Tickets £30 including coffee, lunch and tea
(students half price)

TRADE STANDS

Beecraft, Bee Books New and Old, BIBBA, SBA, Brunel Information, Solway Bee Supplies, Scottish Governemnt Bee Inspectorate.

Bookings for the Convention to Alan Riach (see the Scottish Beekeeper for contact details, or PM 'alan riach' on here)

Please make cheques (£30) payable to SBA and enclose SAE for programme and receipt.

Closing date 14th September.

A list of B&Bs is available from Alan on request.


Invernessshire BKA is hosting a lecture in the College on Friday at 7:00 pm.  The lecture, to which all are welcome, is entitled 'In the Company of Dolphins' by Charlie Phillips, field officer for the Whale and Dolphin Conservation Trust.

----------


## Dark Bee

I shall do my best to get there, hopefully it will be possible for me to do so. Will there be more trade stands than the one's already listed?

----------


## gavin

Excellent!  I'll likely be there too - it would be great to meet more SBAi posters.  I'll introduce you (assuming that I work out who you are!) to Kate who is most unlikely to scold you for hootch-making activities.  They probably do the same in Ardnamurchan.  

I don't know if there will be more trade stands but I'd guess not many more.

It is is usually a relaxed day.  Plenty of long gaps between the talks for nattering to beekeepers and browsing the stands.

----------


## drumgerry

It's a fair bet I'll be there as well Gavin.  Glad it's being held a bit further north this year!

----------


## prakel

Shame it's so close to Apimondia, I'd quite like a week in the far north!

----------


## Easy beesy

Likewise - treating myself to Apimondia this year. Would've been handy if I was still at home. And back to the old college too - before the new one rises!

----------


## The Drone Ranger

Don't mention the Carniolians
(I mentioned them once but I think I got away with it)
 J.Clese

----------


## prakel

> Likewise - treating myself to Apimondia this year


Can't see myself wearing a forum name badge....but I do hope to be there -great chance to hopefully visit a certain Dojo too. Busy couple of weeks, and that's not even including brokering the huge Carnica deal...!

----------


## greengumbo

Still hoping to get to this - will be driving back the same night though so no whisky session unfortunately !

----------


## gavin

Cracking day on Saturday I thought.  Friday evening too, when we were entertained by Charlie Phillips with his photo extravaganza of the Moray Firth dolphins.

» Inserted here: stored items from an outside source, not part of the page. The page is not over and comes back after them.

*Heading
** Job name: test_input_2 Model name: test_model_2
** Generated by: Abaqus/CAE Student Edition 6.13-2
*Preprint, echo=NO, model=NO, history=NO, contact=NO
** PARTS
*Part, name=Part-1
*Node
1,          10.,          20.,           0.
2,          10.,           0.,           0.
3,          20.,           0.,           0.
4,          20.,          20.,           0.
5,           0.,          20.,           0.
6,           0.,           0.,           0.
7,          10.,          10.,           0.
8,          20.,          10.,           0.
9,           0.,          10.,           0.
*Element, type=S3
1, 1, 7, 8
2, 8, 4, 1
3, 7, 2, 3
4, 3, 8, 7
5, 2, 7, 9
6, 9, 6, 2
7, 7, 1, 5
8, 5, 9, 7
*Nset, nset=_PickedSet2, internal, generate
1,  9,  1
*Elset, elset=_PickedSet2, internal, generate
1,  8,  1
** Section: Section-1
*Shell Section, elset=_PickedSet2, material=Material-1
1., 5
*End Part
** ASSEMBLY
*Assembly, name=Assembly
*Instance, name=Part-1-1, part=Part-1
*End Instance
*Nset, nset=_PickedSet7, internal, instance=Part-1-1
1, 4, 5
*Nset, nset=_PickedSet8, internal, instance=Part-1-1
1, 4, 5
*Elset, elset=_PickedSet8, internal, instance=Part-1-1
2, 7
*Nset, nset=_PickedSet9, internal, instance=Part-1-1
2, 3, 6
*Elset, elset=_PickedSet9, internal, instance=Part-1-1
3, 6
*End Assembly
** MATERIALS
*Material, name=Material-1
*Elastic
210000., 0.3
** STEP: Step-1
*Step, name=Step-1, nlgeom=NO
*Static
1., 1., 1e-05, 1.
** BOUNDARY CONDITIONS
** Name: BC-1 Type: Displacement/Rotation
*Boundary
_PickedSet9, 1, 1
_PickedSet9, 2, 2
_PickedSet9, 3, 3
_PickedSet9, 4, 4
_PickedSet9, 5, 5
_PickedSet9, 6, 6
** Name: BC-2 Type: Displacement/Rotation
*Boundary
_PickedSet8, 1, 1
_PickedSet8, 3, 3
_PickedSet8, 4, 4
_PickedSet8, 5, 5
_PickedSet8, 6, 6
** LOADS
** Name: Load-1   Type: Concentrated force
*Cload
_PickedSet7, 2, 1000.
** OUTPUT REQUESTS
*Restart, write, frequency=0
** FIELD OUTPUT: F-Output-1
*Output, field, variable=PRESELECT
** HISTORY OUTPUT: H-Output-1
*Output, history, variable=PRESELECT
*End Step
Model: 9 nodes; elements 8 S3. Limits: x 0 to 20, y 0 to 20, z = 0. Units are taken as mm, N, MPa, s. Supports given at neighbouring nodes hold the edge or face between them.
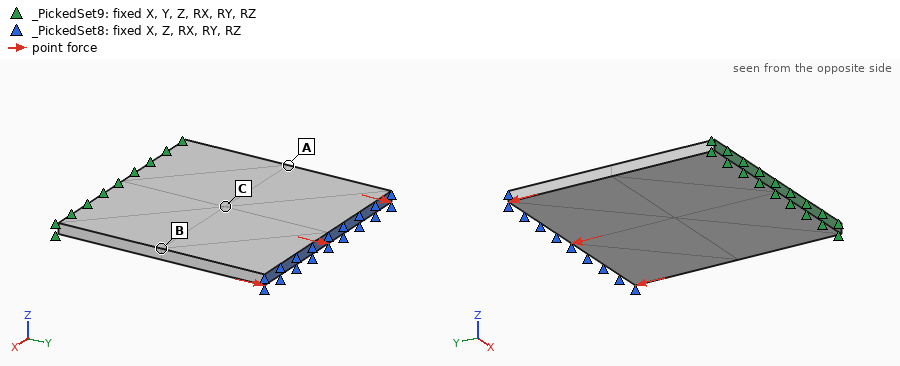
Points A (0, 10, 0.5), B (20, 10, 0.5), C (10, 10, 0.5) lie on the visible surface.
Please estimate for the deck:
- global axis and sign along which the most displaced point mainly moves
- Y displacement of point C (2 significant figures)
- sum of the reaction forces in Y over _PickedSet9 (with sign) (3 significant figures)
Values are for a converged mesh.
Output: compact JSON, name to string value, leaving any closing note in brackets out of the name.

Nice to see so many old friends and to make some new ones.  The speakers, Mike Brown head of NBU and Mario Pahl of Jurgen Tautz' lab, were crackers (in the complimentary meaning of the word) each giving two very fine talks.



An innovation was the raffle, ably run by Bron as Mistress of Ceremonies ....

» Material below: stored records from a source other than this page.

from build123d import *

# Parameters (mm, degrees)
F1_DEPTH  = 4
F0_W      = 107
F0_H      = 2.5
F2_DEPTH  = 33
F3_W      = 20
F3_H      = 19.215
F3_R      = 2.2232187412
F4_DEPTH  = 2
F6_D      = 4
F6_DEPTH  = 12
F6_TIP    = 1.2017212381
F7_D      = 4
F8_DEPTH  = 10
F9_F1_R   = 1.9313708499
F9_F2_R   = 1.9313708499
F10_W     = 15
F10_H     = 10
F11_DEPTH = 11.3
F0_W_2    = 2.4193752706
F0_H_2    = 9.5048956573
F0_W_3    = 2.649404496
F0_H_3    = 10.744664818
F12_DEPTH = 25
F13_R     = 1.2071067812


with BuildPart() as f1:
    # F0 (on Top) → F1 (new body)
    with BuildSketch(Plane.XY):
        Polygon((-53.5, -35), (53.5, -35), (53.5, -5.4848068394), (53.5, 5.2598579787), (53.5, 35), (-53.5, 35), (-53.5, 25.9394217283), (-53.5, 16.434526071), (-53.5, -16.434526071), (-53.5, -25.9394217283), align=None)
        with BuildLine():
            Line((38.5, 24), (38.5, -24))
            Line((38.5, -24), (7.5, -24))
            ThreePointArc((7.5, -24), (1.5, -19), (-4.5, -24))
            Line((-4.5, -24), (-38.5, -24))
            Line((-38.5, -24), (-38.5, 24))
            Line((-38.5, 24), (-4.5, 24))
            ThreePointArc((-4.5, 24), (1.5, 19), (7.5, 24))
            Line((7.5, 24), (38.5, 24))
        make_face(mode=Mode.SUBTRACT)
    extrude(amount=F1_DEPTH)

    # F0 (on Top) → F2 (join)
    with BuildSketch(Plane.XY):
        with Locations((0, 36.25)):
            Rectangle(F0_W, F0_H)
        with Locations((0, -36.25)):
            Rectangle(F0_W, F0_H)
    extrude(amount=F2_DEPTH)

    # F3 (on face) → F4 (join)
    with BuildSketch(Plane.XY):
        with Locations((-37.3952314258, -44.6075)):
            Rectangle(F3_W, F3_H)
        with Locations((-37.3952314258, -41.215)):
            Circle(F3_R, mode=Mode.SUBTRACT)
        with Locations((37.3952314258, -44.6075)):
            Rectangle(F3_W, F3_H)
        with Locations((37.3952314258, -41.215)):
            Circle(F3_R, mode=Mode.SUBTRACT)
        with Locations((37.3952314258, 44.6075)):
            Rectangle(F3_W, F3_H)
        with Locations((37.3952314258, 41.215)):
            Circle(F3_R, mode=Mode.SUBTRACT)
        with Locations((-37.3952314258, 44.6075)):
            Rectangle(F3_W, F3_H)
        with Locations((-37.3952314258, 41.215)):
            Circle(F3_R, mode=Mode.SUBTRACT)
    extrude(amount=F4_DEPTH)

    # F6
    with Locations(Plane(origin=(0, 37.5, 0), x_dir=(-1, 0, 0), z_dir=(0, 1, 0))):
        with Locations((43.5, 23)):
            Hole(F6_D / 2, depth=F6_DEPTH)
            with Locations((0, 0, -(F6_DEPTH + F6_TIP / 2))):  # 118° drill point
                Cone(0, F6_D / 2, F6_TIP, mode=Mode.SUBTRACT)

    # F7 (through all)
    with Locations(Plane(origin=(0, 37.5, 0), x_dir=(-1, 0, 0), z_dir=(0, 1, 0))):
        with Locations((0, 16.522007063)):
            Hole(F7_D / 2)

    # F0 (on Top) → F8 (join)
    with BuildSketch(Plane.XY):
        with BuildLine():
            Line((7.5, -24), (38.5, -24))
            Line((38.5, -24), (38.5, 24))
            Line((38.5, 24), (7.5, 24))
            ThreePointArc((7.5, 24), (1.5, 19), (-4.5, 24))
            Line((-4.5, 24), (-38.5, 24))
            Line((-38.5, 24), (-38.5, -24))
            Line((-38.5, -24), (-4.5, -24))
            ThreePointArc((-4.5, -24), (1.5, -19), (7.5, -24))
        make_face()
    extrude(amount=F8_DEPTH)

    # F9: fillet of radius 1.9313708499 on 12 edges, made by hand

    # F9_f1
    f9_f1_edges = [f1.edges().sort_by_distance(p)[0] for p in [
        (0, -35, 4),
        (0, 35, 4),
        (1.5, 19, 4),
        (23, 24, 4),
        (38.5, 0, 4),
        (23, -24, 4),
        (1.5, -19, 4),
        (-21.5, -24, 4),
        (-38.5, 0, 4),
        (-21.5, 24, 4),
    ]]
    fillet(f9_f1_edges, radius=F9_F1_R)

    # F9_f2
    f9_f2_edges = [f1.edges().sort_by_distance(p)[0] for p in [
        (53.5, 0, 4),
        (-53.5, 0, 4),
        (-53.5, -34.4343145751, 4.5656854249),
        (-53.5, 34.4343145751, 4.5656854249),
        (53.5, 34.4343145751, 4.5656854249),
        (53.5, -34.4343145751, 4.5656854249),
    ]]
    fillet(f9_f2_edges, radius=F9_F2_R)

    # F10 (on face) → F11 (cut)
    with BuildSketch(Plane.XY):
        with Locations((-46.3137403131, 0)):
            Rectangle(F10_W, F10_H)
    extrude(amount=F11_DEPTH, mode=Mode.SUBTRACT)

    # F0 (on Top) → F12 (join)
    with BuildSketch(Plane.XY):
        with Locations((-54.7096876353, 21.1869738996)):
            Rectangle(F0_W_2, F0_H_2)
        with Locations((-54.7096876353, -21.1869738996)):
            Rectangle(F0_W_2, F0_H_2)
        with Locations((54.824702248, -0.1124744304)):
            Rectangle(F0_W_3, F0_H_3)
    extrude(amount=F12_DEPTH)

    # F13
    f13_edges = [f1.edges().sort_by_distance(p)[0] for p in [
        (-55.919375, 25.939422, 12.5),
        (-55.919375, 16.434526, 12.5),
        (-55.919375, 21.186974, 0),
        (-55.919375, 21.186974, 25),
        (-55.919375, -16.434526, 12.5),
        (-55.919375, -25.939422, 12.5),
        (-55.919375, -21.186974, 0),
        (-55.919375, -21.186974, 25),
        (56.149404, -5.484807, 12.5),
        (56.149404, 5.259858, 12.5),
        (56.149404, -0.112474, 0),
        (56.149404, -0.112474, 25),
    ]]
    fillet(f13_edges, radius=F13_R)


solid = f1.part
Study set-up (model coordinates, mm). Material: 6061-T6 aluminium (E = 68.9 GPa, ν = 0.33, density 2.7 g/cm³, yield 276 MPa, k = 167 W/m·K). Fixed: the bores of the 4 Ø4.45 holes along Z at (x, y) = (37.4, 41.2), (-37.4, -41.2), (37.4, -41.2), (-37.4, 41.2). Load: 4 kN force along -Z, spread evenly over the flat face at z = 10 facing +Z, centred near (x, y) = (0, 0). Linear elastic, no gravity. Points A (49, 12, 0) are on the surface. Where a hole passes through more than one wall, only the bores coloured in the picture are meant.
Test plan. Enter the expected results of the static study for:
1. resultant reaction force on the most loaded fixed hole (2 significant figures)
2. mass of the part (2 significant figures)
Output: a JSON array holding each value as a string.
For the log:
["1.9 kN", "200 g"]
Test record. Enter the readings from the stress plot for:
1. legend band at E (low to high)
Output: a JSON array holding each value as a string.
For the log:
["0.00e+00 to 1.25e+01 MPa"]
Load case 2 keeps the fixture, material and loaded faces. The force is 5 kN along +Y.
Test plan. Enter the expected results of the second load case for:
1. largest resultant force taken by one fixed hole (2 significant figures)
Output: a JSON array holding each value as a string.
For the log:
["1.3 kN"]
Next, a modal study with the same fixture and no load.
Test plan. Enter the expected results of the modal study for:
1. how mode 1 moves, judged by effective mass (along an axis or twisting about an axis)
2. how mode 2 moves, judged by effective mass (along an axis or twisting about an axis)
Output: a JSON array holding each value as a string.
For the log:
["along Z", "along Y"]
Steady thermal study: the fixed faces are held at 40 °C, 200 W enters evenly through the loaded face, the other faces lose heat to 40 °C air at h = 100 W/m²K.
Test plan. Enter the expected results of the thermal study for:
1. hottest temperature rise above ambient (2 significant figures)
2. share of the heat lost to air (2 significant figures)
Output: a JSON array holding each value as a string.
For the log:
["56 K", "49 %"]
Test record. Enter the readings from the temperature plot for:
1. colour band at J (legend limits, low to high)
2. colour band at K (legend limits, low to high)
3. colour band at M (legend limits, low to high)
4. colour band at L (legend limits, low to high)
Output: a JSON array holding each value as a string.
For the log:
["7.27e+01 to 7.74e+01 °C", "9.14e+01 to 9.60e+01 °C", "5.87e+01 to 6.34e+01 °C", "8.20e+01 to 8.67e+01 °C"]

where one of our contributors netted himself an enormous quantity of whisky!

The cake table got a good 'inspecting' too .....

----------


## kevboab

I must say I felt rather guilty depriving others of a bottle of whisky but that feeling quickly left me as my mouth started watering thinking about a wee hauf. :-)

Happy days !!!

----------


## gavin

I thought you won two!

----------


## kevboab

Yes. Was slightly embarassed collecting the second bottle but hey ho. Not often I get a wee run ae luck like that. Plan to give one of them a good seeing to on friday.

----------